Изменить размер шрифта - +
 — Да что нам с вами говорить? Все это без толку. Поезжайте в Ново-Архангельск, господин главный правитель там все и объяснят. Мы же вам ничего сказать не можем. Пожалуйте на корабль! Прикажу дать сигнал, оттуда шлюпку за вами пошлют…

— Глазунову и Лукину помочь надо, Егорыч, — промолвил тихо Загоскин. — Голодуют там люди. Лукин коренья ест, и у Глазунова все припасы вышли.

— Знаю, — отрезал Егорыч. — Меня учить не надо. Сам знаю, да взять негде. Прощевайте, Лаврентий Алексеич, да не обижайтесь. Я службу справляю.

— Погоди-ка, управитель. Я сейчас еду на бриг. Ты мне вот только скажи, где ты взял эти святцы? — Загоскин вытащил из кармана книжечку в малиновом переплете.

— Креол Савватий, покойник, оставил, — нехотя ответил управитель. — О прошлом годе был здесь, да и забыл. — Лицо Егорыча вдруг оживилось, и глаза его потеплели. — Подумать только, как раз на Зосиму и Савватия, в сентябре месяце, и свой день у меня справил, потом еще пожил малость и до первого снега поехал к себе. А теперь греха много из-за смерти его, ох, много греха, — сказал Егорыч, понизив голос, но, как бы спохватившись, добавил уже суровей: — Вам на бриг пора!

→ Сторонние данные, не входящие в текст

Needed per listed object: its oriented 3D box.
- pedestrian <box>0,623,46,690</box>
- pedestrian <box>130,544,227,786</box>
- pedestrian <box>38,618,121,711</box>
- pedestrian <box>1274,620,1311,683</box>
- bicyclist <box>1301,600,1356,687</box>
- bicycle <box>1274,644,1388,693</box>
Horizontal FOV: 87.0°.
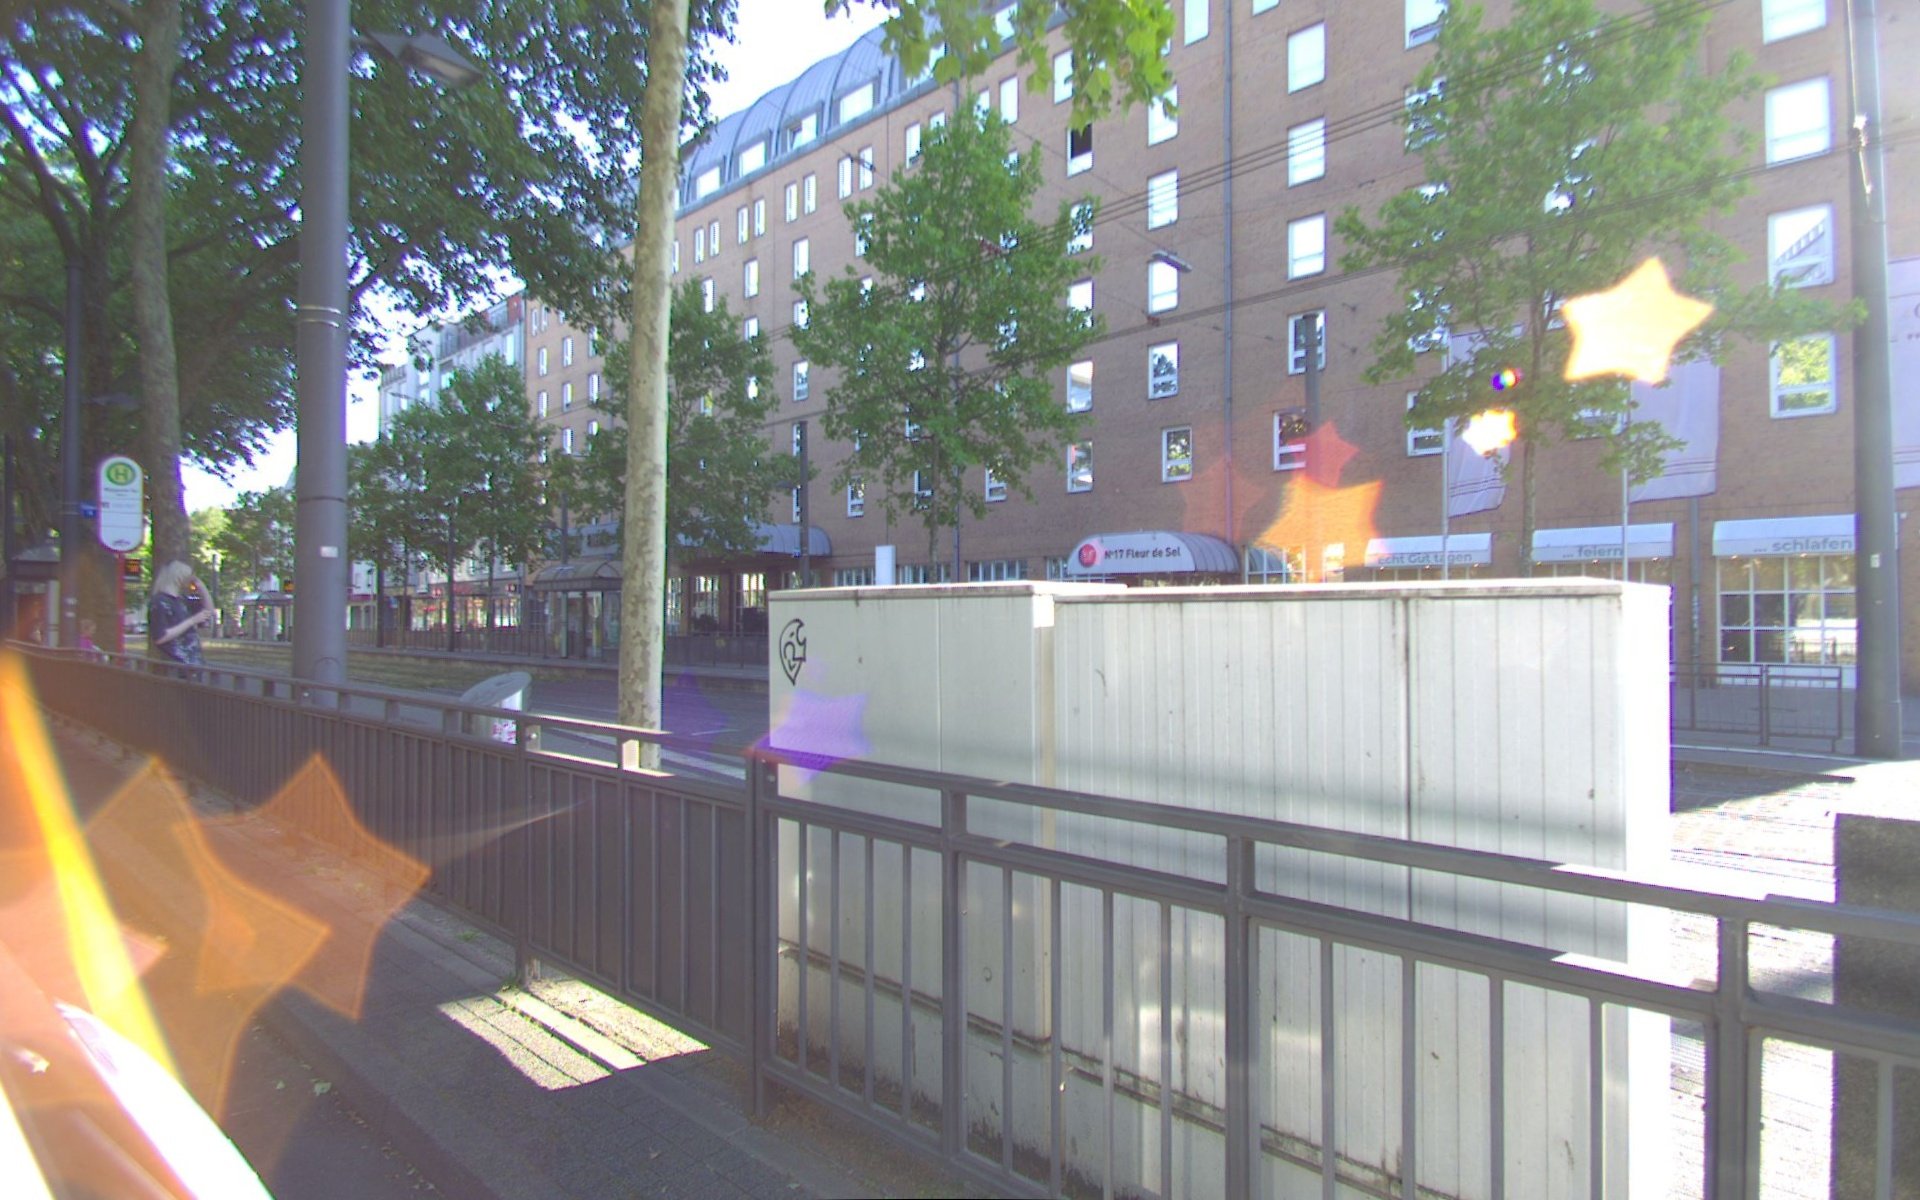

Загоскин вышел на крыльцо, где его ожидал Кузьма. Они пошли к крепостным воротам. Печорский мещанин насмешливо смотрел им вслед.

— Видал Бову-королевича? Из благородных, — сказал громко мещанин приказчику, — связался с индейской девкой, делов всяких натворил, а мы тут его разыскивай. Да и девка всех переполошила… — Что еще говорил мещанин, Загоскин не расслышал. Выйдя за ворота, он вспомнил о замерзшем индейце и невольно поглядел на лиственничные стволы, к которым было когда-то подвешено тело, завернутое в лосиный плащ. Останки индейца все еще покоились в дощатой колыбели; вороны клевали их, стуча клювами и когтями о доску.

Но вот на башне редута взвился сигнальный флаг, с брига ответили сигналом: «Ясно вижу». Вскоре от корабля отделилась лодка. Матросы молча помогли Загоскину и Кузьме перетащить имущество в шлюпку и взялись за весла…

— Заждались мы вас, — сказал старший офицер. — Скоро поднимаем паруса. Пакет получили? На берегу ничего не оставили? — Он держался с Загоскиным равнодушно вежливо, с каким-то брезгливым оттенком. В глазах офицера можно было прочесть сдержанную тревогу. Его, человека, привыкшего к размеренной жизни, беспокоило присутствие нового лица. Но офицер обязан был заботиться о Загоскине. Он предложил гостю пройти в отведенную ему каюту, где уже был накрыт стол для обеда. Загоскин попросил второй прибор. Старший офицер удивленно поднял брови, услышав, что гость хотел бы обедать вместе с индейцем Кузьмой, но ничего не сказал в ответ и исполнил его желание. Но почему Загоскин не был приглашен в кают-компанию, где обедали офицеры брига и откуда доносился звон ножей и вилок?

Старший офицер предупредительно отвечал на вопросы, но не заговаривал первым.

— А вы не знаете причины моего вызова? Ищут, торопят, как на пожар. В чем дело? — Не могу знать. Получил приказ разыскать вас и вручить пакет. Разрешите распорядиться, чтобы вам принесли чаю? Ваш индеец его тоже пьет? — И еще как! Благодарю вас.

Когда старший офицер вышел, Кузьма и Загоскин, как по уговору, переглянулись. Их глаза блестели от обильной и вкусной пищи.

— Слава святому Николе, — сказал Кузьма, — наш путь окончен! Как мы живы остались! В жизни мне не раз приходилось плохо. Когда я был в теплой стране, то, чтобы не умереть с голоду, я ел улиток и шишки с толстых деревьев с резными листьями; когда я ходил к людям Зимней Ночи, мне однажды пришлось съесть запасные сапоги из шкуры нерпы… Но в этом походе нам было куда тяжелее, видит бог.